Thank you very much for the kind introduction but
you unfortunately neglected to mention to the
committee my rows of sharp regenerating
teeth, my fondness for blood and how
fast I can swim, nor did you remind
my esteemed colleagues that my
most celebrated trait is
the size and shape
of my
lovely
dorsal fin
of which so
much has been
previously written
sail-like, sharp and blue
you might say I’m humbled by
the bounty of attention it’s received
from a cross-cultural community, and
of course all the various awards I’ve been
understandably reluctant to list here but you’ll
find included as background in the attached C.V.

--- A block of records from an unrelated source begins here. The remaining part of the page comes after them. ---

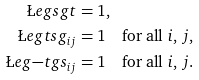<formula> <loc_0><loc_0><loc_500><loc_500>\L e g { s g } { t } & = 1 , \\ \L e g { t s } { g _ { i j } } & = 1 \quad \text {for all $i$, $j$} , \\ \L e g { - t g } { s _ { i j } } & = 1 \quad \text {for all $i$, $j$} .</formula> 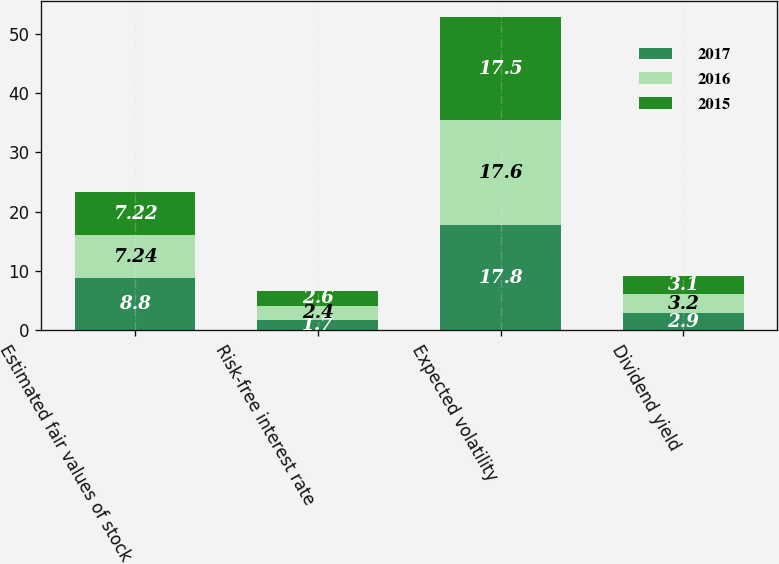Convert chart to OTSL. <chart><loc_0><loc_0><loc_500><loc_500><stacked_bar_chart><ecel><fcel>Estimated fair values of stock<fcel>Risk-free interest rate<fcel>Expected volatility<fcel>Dividend yield<nl><fcel>2017<fcel>8.8<fcel>1.7<fcel>17.8<fcel>2.9<nl><fcel>2016<fcel>7.24<fcel>2.4<fcel>17.6<fcel>3.2<nl><fcel>2015<fcel>7.22<fcel>2.6<fcel>17.5<fcel>3.1<nl></chart> 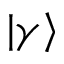<formula> <loc_0><loc_0><loc_500><loc_500>| \gamma \rangle</formula> 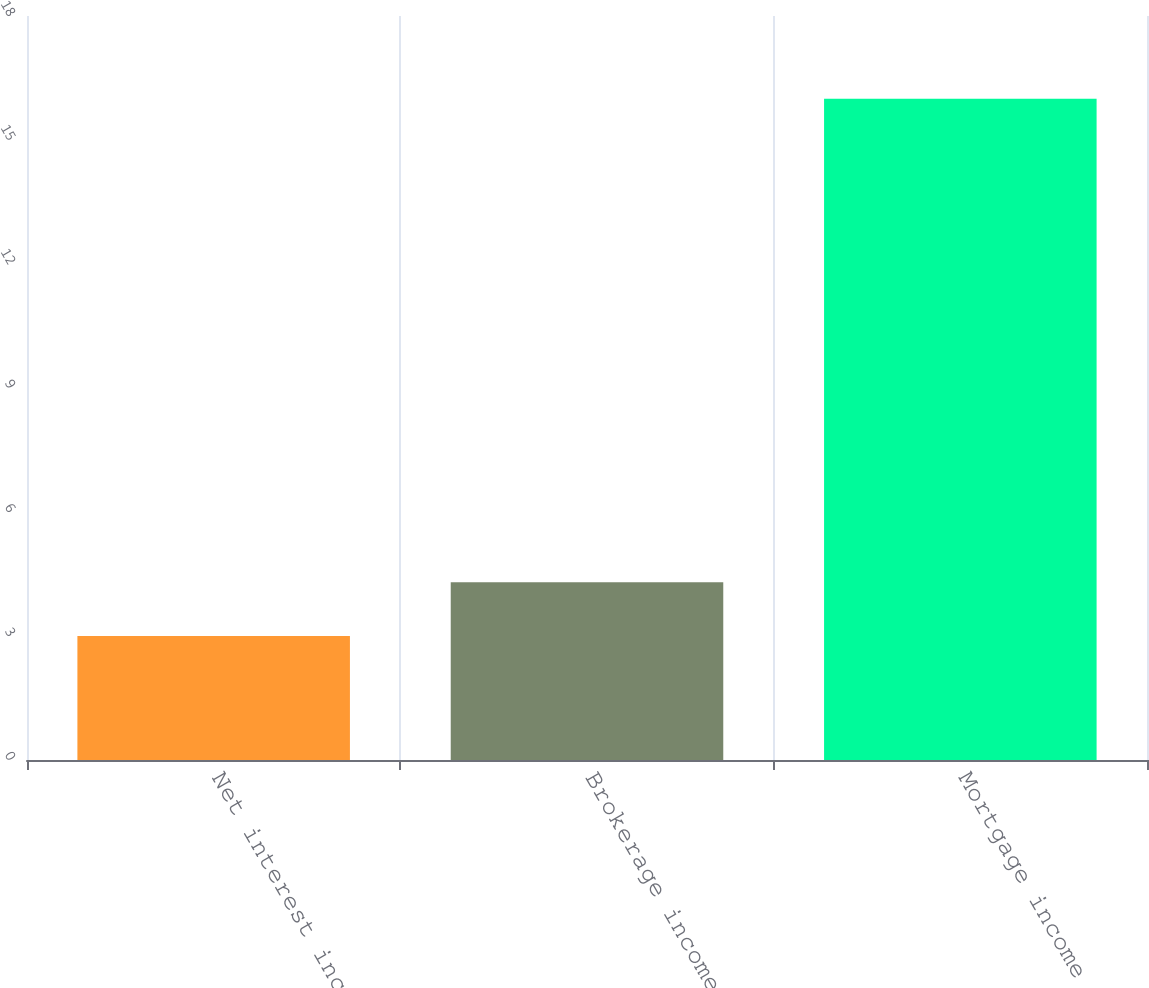Convert chart. <chart><loc_0><loc_0><loc_500><loc_500><bar_chart><fcel>Net interest income<fcel>Brokerage income<fcel>Mortgage income<nl><fcel>3<fcel>4.3<fcel>16<nl></chart> 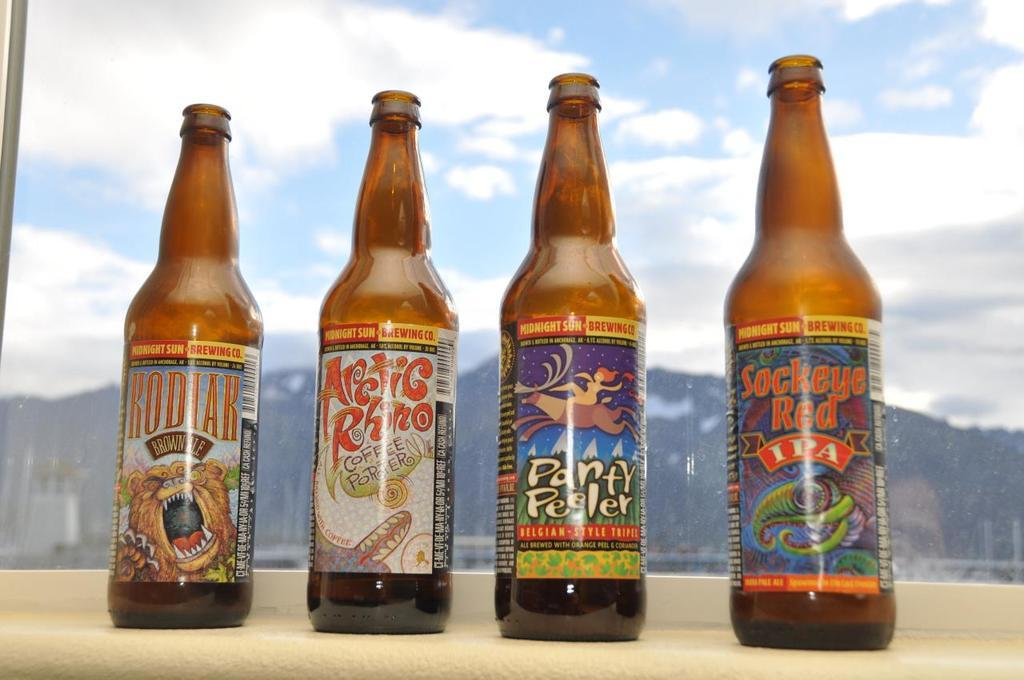<image>
Relay a brief, clear account of the picture shown. Four bottles of beer are lined up with Sockeye Red on the far right side. 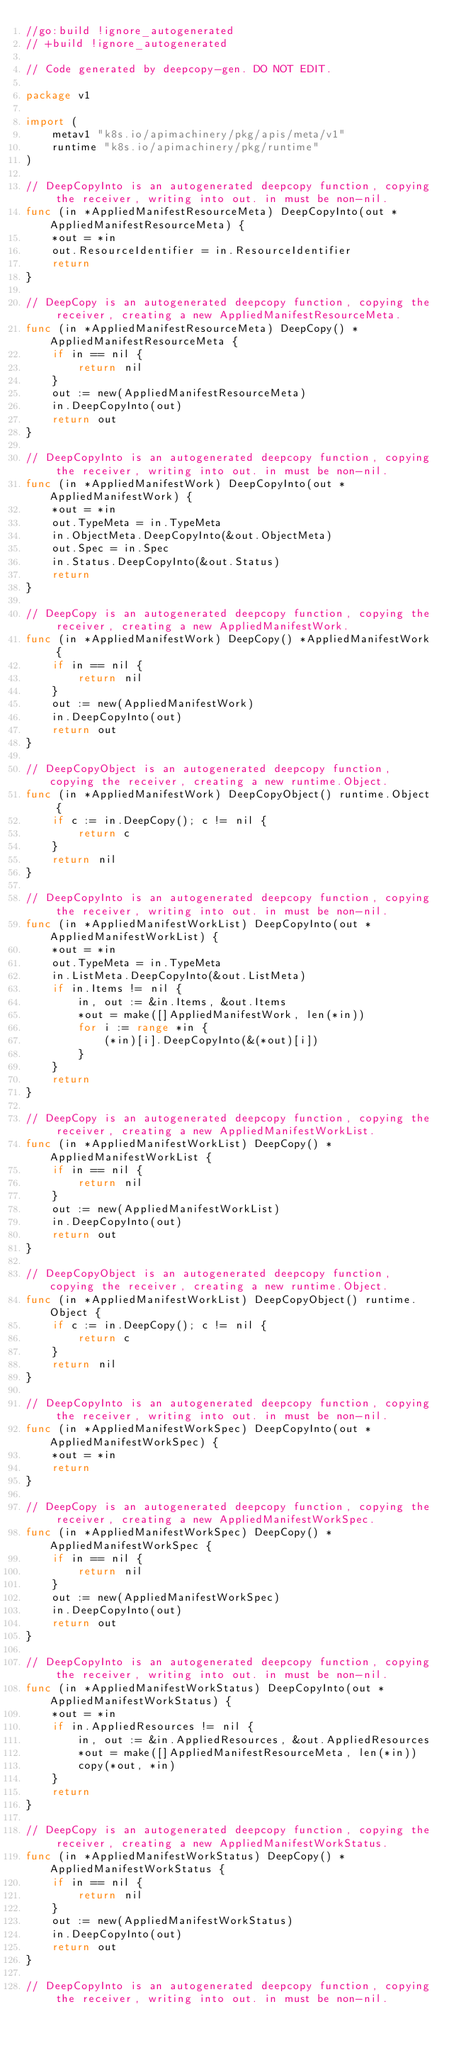<code> <loc_0><loc_0><loc_500><loc_500><_Go_>//go:build !ignore_autogenerated
// +build !ignore_autogenerated

// Code generated by deepcopy-gen. DO NOT EDIT.

package v1

import (
	metav1 "k8s.io/apimachinery/pkg/apis/meta/v1"
	runtime "k8s.io/apimachinery/pkg/runtime"
)

// DeepCopyInto is an autogenerated deepcopy function, copying the receiver, writing into out. in must be non-nil.
func (in *AppliedManifestResourceMeta) DeepCopyInto(out *AppliedManifestResourceMeta) {
	*out = *in
	out.ResourceIdentifier = in.ResourceIdentifier
	return
}

// DeepCopy is an autogenerated deepcopy function, copying the receiver, creating a new AppliedManifestResourceMeta.
func (in *AppliedManifestResourceMeta) DeepCopy() *AppliedManifestResourceMeta {
	if in == nil {
		return nil
	}
	out := new(AppliedManifestResourceMeta)
	in.DeepCopyInto(out)
	return out
}

// DeepCopyInto is an autogenerated deepcopy function, copying the receiver, writing into out. in must be non-nil.
func (in *AppliedManifestWork) DeepCopyInto(out *AppliedManifestWork) {
	*out = *in
	out.TypeMeta = in.TypeMeta
	in.ObjectMeta.DeepCopyInto(&out.ObjectMeta)
	out.Spec = in.Spec
	in.Status.DeepCopyInto(&out.Status)
	return
}

// DeepCopy is an autogenerated deepcopy function, copying the receiver, creating a new AppliedManifestWork.
func (in *AppliedManifestWork) DeepCopy() *AppliedManifestWork {
	if in == nil {
		return nil
	}
	out := new(AppliedManifestWork)
	in.DeepCopyInto(out)
	return out
}

// DeepCopyObject is an autogenerated deepcopy function, copying the receiver, creating a new runtime.Object.
func (in *AppliedManifestWork) DeepCopyObject() runtime.Object {
	if c := in.DeepCopy(); c != nil {
		return c
	}
	return nil
}

// DeepCopyInto is an autogenerated deepcopy function, copying the receiver, writing into out. in must be non-nil.
func (in *AppliedManifestWorkList) DeepCopyInto(out *AppliedManifestWorkList) {
	*out = *in
	out.TypeMeta = in.TypeMeta
	in.ListMeta.DeepCopyInto(&out.ListMeta)
	if in.Items != nil {
		in, out := &in.Items, &out.Items
		*out = make([]AppliedManifestWork, len(*in))
		for i := range *in {
			(*in)[i].DeepCopyInto(&(*out)[i])
		}
	}
	return
}

// DeepCopy is an autogenerated deepcopy function, copying the receiver, creating a new AppliedManifestWorkList.
func (in *AppliedManifestWorkList) DeepCopy() *AppliedManifestWorkList {
	if in == nil {
		return nil
	}
	out := new(AppliedManifestWorkList)
	in.DeepCopyInto(out)
	return out
}

// DeepCopyObject is an autogenerated deepcopy function, copying the receiver, creating a new runtime.Object.
func (in *AppliedManifestWorkList) DeepCopyObject() runtime.Object {
	if c := in.DeepCopy(); c != nil {
		return c
	}
	return nil
}

// DeepCopyInto is an autogenerated deepcopy function, copying the receiver, writing into out. in must be non-nil.
func (in *AppliedManifestWorkSpec) DeepCopyInto(out *AppliedManifestWorkSpec) {
	*out = *in
	return
}

// DeepCopy is an autogenerated deepcopy function, copying the receiver, creating a new AppliedManifestWorkSpec.
func (in *AppliedManifestWorkSpec) DeepCopy() *AppliedManifestWorkSpec {
	if in == nil {
		return nil
	}
	out := new(AppliedManifestWorkSpec)
	in.DeepCopyInto(out)
	return out
}

// DeepCopyInto is an autogenerated deepcopy function, copying the receiver, writing into out. in must be non-nil.
func (in *AppliedManifestWorkStatus) DeepCopyInto(out *AppliedManifestWorkStatus) {
	*out = *in
	if in.AppliedResources != nil {
		in, out := &in.AppliedResources, &out.AppliedResources
		*out = make([]AppliedManifestResourceMeta, len(*in))
		copy(*out, *in)
	}
	return
}

// DeepCopy is an autogenerated deepcopy function, copying the receiver, creating a new AppliedManifestWorkStatus.
func (in *AppliedManifestWorkStatus) DeepCopy() *AppliedManifestWorkStatus {
	if in == nil {
		return nil
	}
	out := new(AppliedManifestWorkStatus)
	in.DeepCopyInto(out)
	return out
}

// DeepCopyInto is an autogenerated deepcopy function, copying the receiver, writing into out. in must be non-nil.</code> 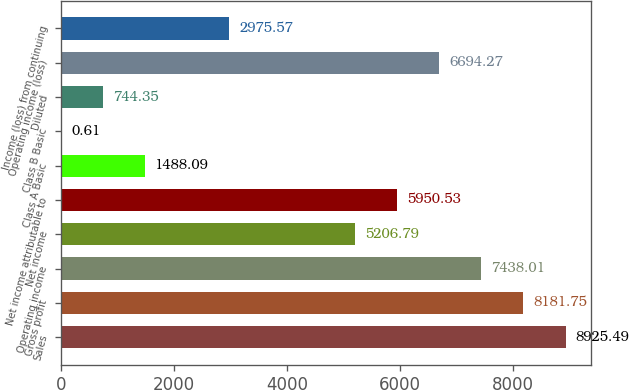Convert chart. <chart><loc_0><loc_0><loc_500><loc_500><bar_chart><fcel>Sales<fcel>Gross profit<fcel>Operating income<fcel>Net income<fcel>Net income attributable to<fcel>Class A Basic<fcel>Class B Basic<fcel>Diluted<fcel>Operating income (loss)<fcel>Income (loss) from continuing<nl><fcel>8925.49<fcel>8181.75<fcel>7438.01<fcel>5206.79<fcel>5950.53<fcel>1488.09<fcel>0.61<fcel>744.35<fcel>6694.27<fcel>2975.57<nl></chart> 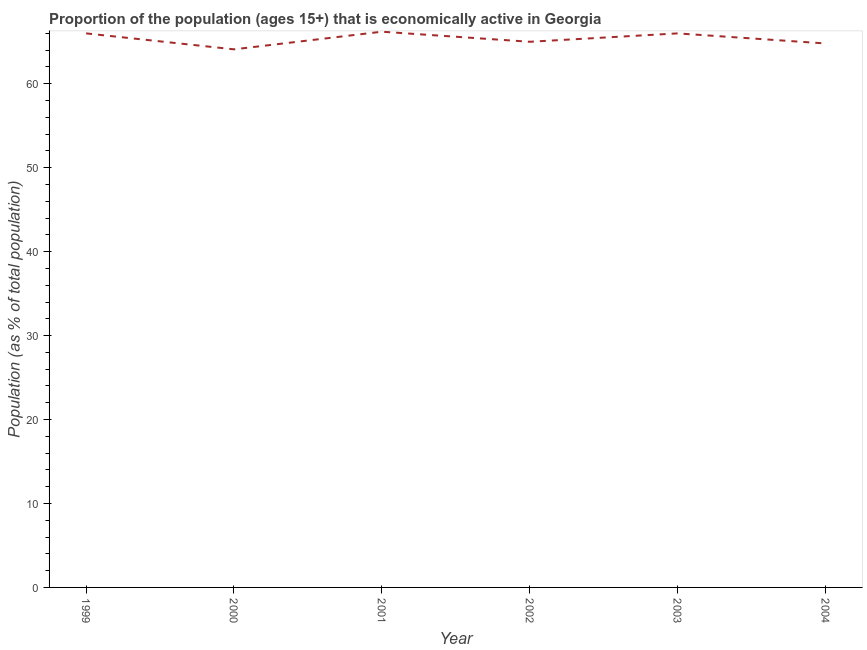Across all years, what is the maximum percentage of economically active population?
Your answer should be very brief. 66.2. Across all years, what is the minimum percentage of economically active population?
Your answer should be very brief. 64.1. In which year was the percentage of economically active population minimum?
Your answer should be compact. 2000. What is the sum of the percentage of economically active population?
Your answer should be very brief. 392.1. What is the difference between the percentage of economically active population in 2001 and 2003?
Your answer should be very brief. 0.2. What is the average percentage of economically active population per year?
Offer a terse response. 65.35. What is the median percentage of economically active population?
Offer a very short reply. 65.5. What is the ratio of the percentage of economically active population in 2002 to that in 2004?
Make the answer very short. 1. Is the percentage of economically active population in 2001 less than that in 2002?
Offer a terse response. No. What is the difference between the highest and the second highest percentage of economically active population?
Keep it short and to the point. 0.2. What is the difference between the highest and the lowest percentage of economically active population?
Your answer should be compact. 2.1. Does the percentage of economically active population monotonically increase over the years?
Your answer should be compact. No. Are the values on the major ticks of Y-axis written in scientific E-notation?
Keep it short and to the point. No. What is the title of the graph?
Ensure brevity in your answer.  Proportion of the population (ages 15+) that is economically active in Georgia. What is the label or title of the X-axis?
Keep it short and to the point. Year. What is the label or title of the Y-axis?
Provide a short and direct response. Population (as % of total population). What is the Population (as % of total population) in 1999?
Give a very brief answer. 66. What is the Population (as % of total population) of 2000?
Provide a succinct answer. 64.1. What is the Population (as % of total population) in 2001?
Ensure brevity in your answer.  66.2. What is the Population (as % of total population) in 2003?
Provide a succinct answer. 66. What is the Population (as % of total population) in 2004?
Your answer should be compact. 64.8. What is the difference between the Population (as % of total population) in 1999 and 2001?
Provide a short and direct response. -0.2. What is the difference between the Population (as % of total population) in 1999 and 2002?
Your answer should be compact. 1. What is the difference between the Population (as % of total population) in 1999 and 2003?
Provide a short and direct response. 0. What is the difference between the Population (as % of total population) in 2000 and 2004?
Your response must be concise. -0.7. What is the difference between the Population (as % of total population) in 2001 and 2004?
Your answer should be very brief. 1.4. What is the difference between the Population (as % of total population) in 2002 and 2004?
Keep it short and to the point. 0.2. What is the ratio of the Population (as % of total population) in 1999 to that in 2000?
Provide a succinct answer. 1.03. What is the ratio of the Population (as % of total population) in 2000 to that in 2001?
Offer a very short reply. 0.97. What is the ratio of the Population (as % of total population) in 2000 to that in 2002?
Offer a terse response. 0.99. What is the ratio of the Population (as % of total population) in 2000 to that in 2004?
Make the answer very short. 0.99. What is the ratio of the Population (as % of total population) in 2001 to that in 2003?
Make the answer very short. 1. 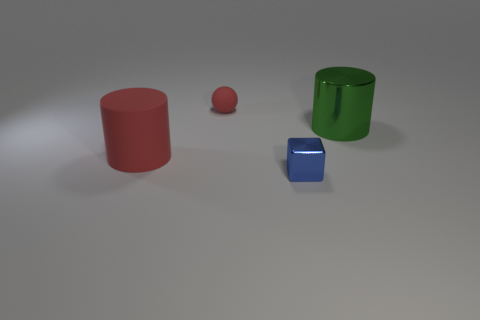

——————————————————————————–

Note to Jeff

The bells are ringing here.
When Americans come they always try
to figure out what they mean
what o’clock it is
what is being celebrated.
They’re just bells, I say.
They sound pretty.

———————————————————————————

How Poets Survive

There’s no business
model that I know.

Who would pay
for free verse or rhyme?

Out of silent air we shape sound
that nobody can understand

except those who happen
to speak our language

and many of those don’t either.
Trying to touch beauty,

we usually fail,
so we better be amusing

or hope people think we would be,
if only they were smarter.

That way we get a bite to eat
and a bed to sleep

and the esteem we’re convinced
we sometimes deserve.

——————————————————————–

One word poem

When your mom said spider
you slid down the tree
and stared up at the branches and leaves
and the sky and the world
changed forever
by what you could neither see
nor forget.

————————————————————————

Keats and you and me

In Dolores Hidalgo, they make pots
glazed with lots of blues and yellows
and upside down hearts with thick-
stemmed plants growing uncomfortably
inside them. No maidens here, the pots
themselves, also shaped like women,
overflow with living flowers. What struggle
to escape! What wild ecstasy!
He died
young and my blood burns. The peaks glow
at dusk as they always have. We coast
old shadows and hold hands around
curves crowded with the beautiful
dead. Nothing eternal but the road home.